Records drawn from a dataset
##########
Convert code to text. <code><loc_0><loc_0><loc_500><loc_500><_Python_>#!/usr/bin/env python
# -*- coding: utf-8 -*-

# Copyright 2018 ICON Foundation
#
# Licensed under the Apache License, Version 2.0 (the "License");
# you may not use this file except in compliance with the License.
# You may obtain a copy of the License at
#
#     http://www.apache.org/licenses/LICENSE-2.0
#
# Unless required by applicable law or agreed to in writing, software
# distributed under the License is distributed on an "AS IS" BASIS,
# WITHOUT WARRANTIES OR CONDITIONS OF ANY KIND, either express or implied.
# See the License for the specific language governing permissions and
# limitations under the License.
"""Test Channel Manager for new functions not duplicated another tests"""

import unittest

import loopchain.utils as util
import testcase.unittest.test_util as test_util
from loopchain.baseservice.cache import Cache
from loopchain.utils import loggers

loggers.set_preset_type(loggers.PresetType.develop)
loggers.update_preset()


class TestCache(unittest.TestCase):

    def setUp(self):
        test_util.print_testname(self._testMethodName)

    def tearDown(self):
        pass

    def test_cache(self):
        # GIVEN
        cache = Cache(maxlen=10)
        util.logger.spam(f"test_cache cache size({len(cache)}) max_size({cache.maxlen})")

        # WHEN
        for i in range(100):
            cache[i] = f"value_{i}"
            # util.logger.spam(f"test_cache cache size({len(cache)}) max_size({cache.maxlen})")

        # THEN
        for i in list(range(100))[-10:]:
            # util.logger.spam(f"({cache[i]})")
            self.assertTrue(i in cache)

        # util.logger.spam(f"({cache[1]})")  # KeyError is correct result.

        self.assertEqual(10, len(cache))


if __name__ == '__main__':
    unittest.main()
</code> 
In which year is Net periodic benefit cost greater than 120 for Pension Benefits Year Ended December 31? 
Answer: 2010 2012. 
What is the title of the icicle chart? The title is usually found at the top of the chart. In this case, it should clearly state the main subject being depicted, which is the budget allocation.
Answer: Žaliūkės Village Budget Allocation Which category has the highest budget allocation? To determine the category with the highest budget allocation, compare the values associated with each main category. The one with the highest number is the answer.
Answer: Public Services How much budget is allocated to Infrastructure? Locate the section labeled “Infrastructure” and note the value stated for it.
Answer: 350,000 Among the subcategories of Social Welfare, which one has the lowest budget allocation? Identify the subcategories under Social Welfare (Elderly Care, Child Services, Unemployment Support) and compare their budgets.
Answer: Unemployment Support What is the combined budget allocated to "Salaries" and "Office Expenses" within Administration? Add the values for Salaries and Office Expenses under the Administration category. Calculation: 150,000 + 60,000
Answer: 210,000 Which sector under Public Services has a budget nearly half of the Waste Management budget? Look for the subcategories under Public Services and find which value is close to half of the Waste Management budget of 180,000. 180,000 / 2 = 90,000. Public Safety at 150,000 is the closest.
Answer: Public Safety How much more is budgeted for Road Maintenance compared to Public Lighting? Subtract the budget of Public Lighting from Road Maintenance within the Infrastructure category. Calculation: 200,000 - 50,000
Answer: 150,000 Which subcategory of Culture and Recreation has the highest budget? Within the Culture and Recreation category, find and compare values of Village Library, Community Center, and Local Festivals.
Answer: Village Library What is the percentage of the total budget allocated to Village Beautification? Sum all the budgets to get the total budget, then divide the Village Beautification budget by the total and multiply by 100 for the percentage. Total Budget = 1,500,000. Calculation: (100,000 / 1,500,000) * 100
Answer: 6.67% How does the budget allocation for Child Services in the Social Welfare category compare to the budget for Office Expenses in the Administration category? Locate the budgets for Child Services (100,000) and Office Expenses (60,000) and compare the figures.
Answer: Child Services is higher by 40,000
##########
--- YOUR TASK ---
Please reproduce the records above in their entirety, exactly as given.

--- TASK ANSWER ---
Convert code to text. <code><loc_0><loc_0><loc_500><loc_500><_Python_>#!/usr/bin/env python
# -*- coding: utf-8 -*-

# Copyright 2018 ICON Foundation
#
# Licensed under the Apache License, Version 2.0 (the "License");
# you may not use this file except in compliance with the License.
# You may obtain a copy of the License at
#
#     http://www.apache.org/licenses/LICENSE-2.0
#
# Unless required by applicable law or agreed to in writing, software
# distributed under the License is distributed on an "AS IS" BASIS,
# WITHOUT WARRANTIES OR CONDITIONS OF ANY KIND, either express or implied.
# See the License for the specific language governing permissions and
# limitations under the License.
"""Test Channel Manager for new functions not duplicated another tests"""

import unittest

import loopchain.utils as util
import testcase.unittest.test_util as test_util
from loopchain.baseservice.cache import Cache
from loopchain.utils import loggers

loggers.set_preset_type(loggers.PresetType.develop)
loggers.update_preset()


class TestCache(unittest.TestCase):

    def setUp(self):
        test_util.print_testname(self._testMethodName)

    def tearDown(self):
        pass

    def test_cache(self):
        # GIVEN
        cache = Cache(maxlen=10)
        util.logger.spam(f"test_cache cache size({len(cache)}) max_size({cache.maxlen})")

        # WHEN
        for i in range(100):
            cache[i] = f"value_{i}"
            # util.logger.spam(f"test_cache cache size({len(cache)}) max_size({cache.maxlen})")

        # THEN
        for i in list(range(100))[-10:]:
            # util.logger.spam(f"({cache[i]})")
            self.assertTrue(i in cache)

        # util.logger.spam(f"({cache[1]})")  # KeyError is correct result.

        self.assertEqual(10, len(cache))


if __name__ == '__main__':
    unittest.main()
</code> 
In which year is Net periodic benefit cost greater than 120 for Pension Benefits Year Ended December 31? 
Answer: 2010 2012. 
What is the title of the icicle chart? The title is usually found at the top of the chart. In this case, it should clearly state the main subject being depicted, which is the budget allocation.
Answer: Žaliūkės Village Budget Allocation Which category has the highest budget allocation? To determine the category with the highest budget allocation, compare the values associated with each main category. The one with the highest number is the answer.
Answer: Public Services How much budget is allocated to Infrastructure? Locate the section labeled “Infrastructure” and note the value stated for it.
Answer: 350,000 Among the subcategories of Social Welfare, which one has the lowest budget allocation? Identify the subcategories under Social Welfare (Elderly Care, Child Services, Unemployment Support) and compare their budgets.
Answer: Unemployment Support What is the combined budget allocated to "Salaries" and "Office Expenses" within Administration? Add the values for Salaries and Office Expenses under the Administration category. Calculation: 150,000 + 60,000
Answer: 210,000 Which sector under Public Services has a budget nearly half of the Waste Management budget? Look for the subcategories under Public Services and find which value is close to half of the Waste Management budget of 180,000. 180,000 / 2 = 90,000. Public Safety at 150,000 is the closest.
Answer: Public Safety How much more is budgeted for Road Maintenance compared to Public Lighting? Subtract the budget of Public Lighting from Road Maintenance within the Infrastructure category. Calculation: 200,000 - 50,000
Answer: 150,000 Which subcategory of Culture and Recreation has the highest budget? Within the Culture and Recreation category, find and compare values of Village Library, Community Center, and Local Festivals.
Answer: Village Library What is the percentage of the total budget allocated to Village Beautification? Sum all the budgets to get the total budget, then divide the Village Beautification budget by the total and multiply by 100 for the percentage. Total Budget = 1,500,000. Calculation: (100,000 / 1,500,000) * 100
Answer: 6.67% How does the budget allocation for Child Services in the Social Welfare category compare to the budget for Office Expenses in the Administration category? Locate the budgets for Child Services (100,000) and Office Expenses (60,000) and compare the figures.
Answer: Child Services is higher by 40,000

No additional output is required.